**EXERCISE**
What is needed is the whole of the data, set down exactly.

Stored dataset items
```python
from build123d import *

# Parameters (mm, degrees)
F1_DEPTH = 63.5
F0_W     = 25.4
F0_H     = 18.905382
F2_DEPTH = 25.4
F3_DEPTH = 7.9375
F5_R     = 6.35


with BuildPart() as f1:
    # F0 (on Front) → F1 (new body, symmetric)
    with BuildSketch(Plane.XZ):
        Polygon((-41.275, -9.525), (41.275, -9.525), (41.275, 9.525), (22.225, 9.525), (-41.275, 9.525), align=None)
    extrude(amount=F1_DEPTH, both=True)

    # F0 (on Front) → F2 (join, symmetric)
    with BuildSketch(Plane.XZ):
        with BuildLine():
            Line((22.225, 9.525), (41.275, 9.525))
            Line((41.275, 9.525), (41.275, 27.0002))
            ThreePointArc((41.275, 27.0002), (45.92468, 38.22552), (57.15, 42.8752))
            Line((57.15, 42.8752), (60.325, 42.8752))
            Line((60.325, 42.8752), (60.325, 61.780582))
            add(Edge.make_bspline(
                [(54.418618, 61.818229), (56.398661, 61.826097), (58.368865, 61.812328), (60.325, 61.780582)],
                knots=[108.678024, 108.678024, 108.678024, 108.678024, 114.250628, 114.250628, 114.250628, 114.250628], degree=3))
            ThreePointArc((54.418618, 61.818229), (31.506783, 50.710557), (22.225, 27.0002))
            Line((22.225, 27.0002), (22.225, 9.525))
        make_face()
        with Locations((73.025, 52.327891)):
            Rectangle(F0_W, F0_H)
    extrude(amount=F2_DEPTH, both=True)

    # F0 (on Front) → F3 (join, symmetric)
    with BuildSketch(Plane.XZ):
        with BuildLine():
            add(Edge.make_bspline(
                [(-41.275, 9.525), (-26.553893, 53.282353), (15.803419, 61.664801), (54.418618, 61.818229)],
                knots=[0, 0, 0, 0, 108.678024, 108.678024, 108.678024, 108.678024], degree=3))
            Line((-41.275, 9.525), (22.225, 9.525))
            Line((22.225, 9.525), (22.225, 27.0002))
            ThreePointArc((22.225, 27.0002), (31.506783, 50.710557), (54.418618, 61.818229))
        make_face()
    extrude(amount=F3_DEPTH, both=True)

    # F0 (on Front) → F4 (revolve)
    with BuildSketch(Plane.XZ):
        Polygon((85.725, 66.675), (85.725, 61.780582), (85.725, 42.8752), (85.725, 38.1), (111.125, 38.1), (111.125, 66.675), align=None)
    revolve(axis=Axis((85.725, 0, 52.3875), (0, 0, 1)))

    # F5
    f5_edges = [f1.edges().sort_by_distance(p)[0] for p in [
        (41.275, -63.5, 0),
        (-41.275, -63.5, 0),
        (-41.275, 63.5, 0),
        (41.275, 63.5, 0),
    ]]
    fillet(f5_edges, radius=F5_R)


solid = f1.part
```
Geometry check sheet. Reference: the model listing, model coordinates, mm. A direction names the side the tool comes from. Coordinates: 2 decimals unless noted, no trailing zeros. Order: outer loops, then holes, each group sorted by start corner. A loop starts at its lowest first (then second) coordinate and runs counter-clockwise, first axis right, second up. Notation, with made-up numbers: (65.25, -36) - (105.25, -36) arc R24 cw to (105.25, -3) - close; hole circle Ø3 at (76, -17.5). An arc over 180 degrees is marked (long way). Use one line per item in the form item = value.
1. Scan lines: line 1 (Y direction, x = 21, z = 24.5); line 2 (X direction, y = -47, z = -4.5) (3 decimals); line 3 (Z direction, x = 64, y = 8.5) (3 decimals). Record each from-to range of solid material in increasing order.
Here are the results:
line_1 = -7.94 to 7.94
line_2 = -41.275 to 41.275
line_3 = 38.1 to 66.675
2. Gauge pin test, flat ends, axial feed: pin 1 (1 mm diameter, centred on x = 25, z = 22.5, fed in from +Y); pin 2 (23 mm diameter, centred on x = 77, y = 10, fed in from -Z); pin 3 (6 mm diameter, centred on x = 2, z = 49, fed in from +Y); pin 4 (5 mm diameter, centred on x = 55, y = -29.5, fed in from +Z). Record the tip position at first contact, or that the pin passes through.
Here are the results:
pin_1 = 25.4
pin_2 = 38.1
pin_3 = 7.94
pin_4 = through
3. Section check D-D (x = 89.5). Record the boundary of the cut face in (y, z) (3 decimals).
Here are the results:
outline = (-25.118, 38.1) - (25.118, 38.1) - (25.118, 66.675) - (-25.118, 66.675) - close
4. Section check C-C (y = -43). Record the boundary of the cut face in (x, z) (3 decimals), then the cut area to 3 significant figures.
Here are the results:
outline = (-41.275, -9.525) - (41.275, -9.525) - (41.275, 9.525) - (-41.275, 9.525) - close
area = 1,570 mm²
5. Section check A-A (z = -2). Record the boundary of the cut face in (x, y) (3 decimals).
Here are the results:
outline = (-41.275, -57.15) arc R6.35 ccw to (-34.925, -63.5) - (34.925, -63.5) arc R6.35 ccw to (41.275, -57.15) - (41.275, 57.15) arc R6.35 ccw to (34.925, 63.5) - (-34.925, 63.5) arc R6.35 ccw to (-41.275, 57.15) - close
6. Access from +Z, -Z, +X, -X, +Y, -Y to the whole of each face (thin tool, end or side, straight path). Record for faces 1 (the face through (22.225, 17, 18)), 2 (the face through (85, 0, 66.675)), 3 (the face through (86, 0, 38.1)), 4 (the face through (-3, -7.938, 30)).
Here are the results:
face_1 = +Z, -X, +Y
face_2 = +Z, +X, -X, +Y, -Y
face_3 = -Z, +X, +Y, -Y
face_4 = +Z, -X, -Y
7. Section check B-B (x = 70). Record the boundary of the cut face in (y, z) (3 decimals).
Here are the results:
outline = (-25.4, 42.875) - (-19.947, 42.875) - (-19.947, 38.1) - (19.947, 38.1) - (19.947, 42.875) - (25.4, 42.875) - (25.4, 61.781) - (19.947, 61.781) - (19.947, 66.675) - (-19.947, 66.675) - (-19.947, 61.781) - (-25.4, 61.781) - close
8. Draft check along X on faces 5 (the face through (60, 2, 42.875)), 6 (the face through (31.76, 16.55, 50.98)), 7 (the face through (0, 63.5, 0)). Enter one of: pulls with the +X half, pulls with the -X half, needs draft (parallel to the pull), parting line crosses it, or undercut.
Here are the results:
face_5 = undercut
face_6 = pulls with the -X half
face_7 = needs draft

**ANSWER FOR THIS EXERCISE**
```python
from build123d import *

# Parameters (mm, degrees)
F1_DEPTH = 63.5
F0_W     = 25.4
F0_H     = 18.905382
F2_DEPTH = 25.4
F3_DEPTH = 7.9375
F5_R     = 6.35


with BuildPart() as f1:
    # F0 (on Front) → F1 (new body, symmetric)
    with BuildSketch(Plane.XZ):
        Polygon((-41.275, -9.525), (41.275, -9.525), (41.275, 9.525), (22.225, 9.525), (-41.275, 9.525), align=None)
    extrude(amount=F1_DEPTH, both=True)

    # F0 (on Front) → F2 (join, symmetric)
    with BuildSketch(Plane.XZ):
        with BuildLine():
            Line((22.225, 9.525), (41.275, 9.525))
            Line((41.275, 9.525), (41.275, 27.0002))
            ThreePointArc((41.275, 27.0002), (45.92468, 38.22552), (57.15, 42.8752))
            Line((57.15, 42.8752), (60.325, 42.8752))
            Line((60.325, 42.8752), (60.325, 61.780582))
            add(Edge.make_bspline(
                [(54.418618, 61.818229), (56.398661, 61.826097), (58.368865, 61.812328), (60.325, 61.780582)],
                knots=[108.678024, 108.678024, 108.678024, 108.678024, 114.250628, 114.250628, 114.250628, 114.250628], degree=3))
            ThreePointArc((54.418618, 61.818229), (31.506783, 50.710557), (22.225, 27.0002))
            Line((22.225, 27.0002), (22.225, 9.525))
        make_face()
        with Locations((73.025, 52.327891)):
            Rectangle(F0_W, F0_H)
    extrude(amount=F2_DEPTH, both=True)

    # F0 (on Front) → F3 (join, symmetric)
    with BuildSketch(Plane.XZ):
        with BuildLine():
            add(Edge.make_bspline(
                [(-41.275, 9.525), (-26.553893, 53.282353), (15.803419, 61.664801), (54.418618, 61.818229)],
                knots=[0, 0, 0, 0, 108.678024, 108.678024, 108.678024, 108.678024], degree=3))
            Line((-41.275, 9.525), (22.225, 9.525))
            Line((22.225, 9.525), (22.225, 27.0002))
            ThreePointArc((22.225, 27.0002), (31.506783, 50.710557), (54.418618, 61.818229))
        make_face()
    extrude(amount=F3_DEPTH, both=True)

    # F0 (on Front) → F4 (revolve)
    with BuildSketch(Plane.XZ):
        Polygon((85.725, 66.675), (85.725, 61.780582), (85.725, 42.8752), (85.725, 38.1), (111.125, 38.1), (111.125, 66.675), align=None)
    revolve(axis=Axis((85.725, 0, 52.3875), (0, 0, 1)))

    # F5
    f5_edges = [f1.edges().sort_by_distance(p)[0] for p in [
        (41.275, -63.5, 0),
        (-41.275, -63.5, 0),
        (-41.275, 63.5, 0),
        (41.275, 63.5, 0),
    ]]
    fillet(f5_edges, radius=F5_R)


solid = f1.part
```
Geometry check sheet. Reference: the model listing, model coordinates, mm. A direction names the side the tool comes from. Coordinates: 2 decimals unless noted, no trailing zeros. Order: outer loops, then holes, each group sorted by start corner. A loop starts at its lowest first (then second) coordinate and runs counter-clockwise, first axis right, second up. Notation, with made-up numbers: (65.25, -36) - (105.25, -36) arc R24 cw to (105.25, -3) - close; hole circle Ø3 at (76, -17.5). An arc over 180 degrees is marked (long way). Use one line per item in the form item = value.
1. Scan lines: line 1 (Y direction, x = 21, z = 24.5); line 2 (X direction, y = -47, z = -4.5) (3 decimals); line 3 (Z direction, x = 64, y = 8.5) (3 decimals). Record each from-to range of solid material in increasing order.
Here are the results:
line_1 = -7.94 to 7.94
line_2 = -41.275 to 41.275
line_3 = 38.1 to 66.675
2. Gauge pin test, flat ends, axial feed: pin 1 (1 mm diameter, centred on x = 25, z = 22.5, fed in from +Y); pin 2 (23 mm diameter, centred on x = 77, y = 10, fed in from -Z); pin 3 (6 mm diameter, centred on x = 2, z = 49, fed in from +Y); pin 4 (5 mm diameter, centred on x = 55, y = -29.5, fed in from +Z). Record the tip position at first contact, or that the pin passes through.
Here are the results:
pin_1 = 25.4
pin_2 = 38.1
pin_3 = 7.94
pin_4 = through
3. Section check D-D (x = 89.5). Record the boundary of the cut face in (y, z) (3 decimals).
Here are the results:
outline = (-25.118, 38.1) - (25.118, 38.1) - (25.118, 66.675) - (-25.118, 66.675) - close
4. Section check C-C (y = -43). Record the boundary of the cut face in (x, z) (3 decimals), then the cut area to 3 significant figures.
Here are the results:
outline = (-41.275, -9.525) - (41.275, -9.525) - (41.275, 9.525) - (-41.275, 9.525) - close
area = 1,570 mm²
5. Section check A-A (z = -2). Record the boundary of the cut face in (x, y) (3 decimals).
Here are the results:
outline = (-41.275, -57.15) arc R6.35 ccw to (-34.925, -63.5) - (34.925, -63.5) arc R6.35 ccw to (41.275, -57.15) - (41.275, 57.15) arc R6.35 ccw to (34.925, 63.5) - (-34.925, 63.5) arc R6.35 ccw to (-41.275, 57.15) - close
6. Access from +Z, -Z, +X, -X, +Y, -Y to the whole of each face (thin tool, end or side, straight path). Record for faces 1 (the face through (22.225, 17, 18)), 2 (the face through (85, 0, 66.675)), 3 (the face through (86, 0, 38.1)), 4 (the face through (-3, -7.938, 30)).
Here are the results:
face_1 = +Z, -X, +Y
face_2 = +Z, +X, -X, +Y, -Y
face_3 = -Z, +X, +Y, -Y
face_4 = +Z, -X, -Y
7. Section check B-B (x = 70). Record the boundary of the cut face in (y, z) (3 decimals).
Here are the results:
outline = (-25.4, 42.875) - (-19.947, 42.875) - (-19.947, 38.1) - (19.947, 38.1) - (19.947, 42.875) - (25.4, 42.875) - (25.4, 61.781) - (19.947, 61.781) - (19.947, 66.675) - (-19.947, 66.675) - (-19.947, 61.781) - (-25.4, 61.781) - close
8. Draft check along X on faces 5 (the face through (60, 2, 42.875)), 6 (the face through (31.76, 16.55, 50.98)), 7 (the face through (0, 63.5, 0)). Enter one of: pulls with the +X half, pulls with the -X half, needs draft (parallel to the pull), parting line crosses it, or undercut.
Here are the results:
face_5 = undercut
face_6 = pulls with the -X half
face_7 = needs draft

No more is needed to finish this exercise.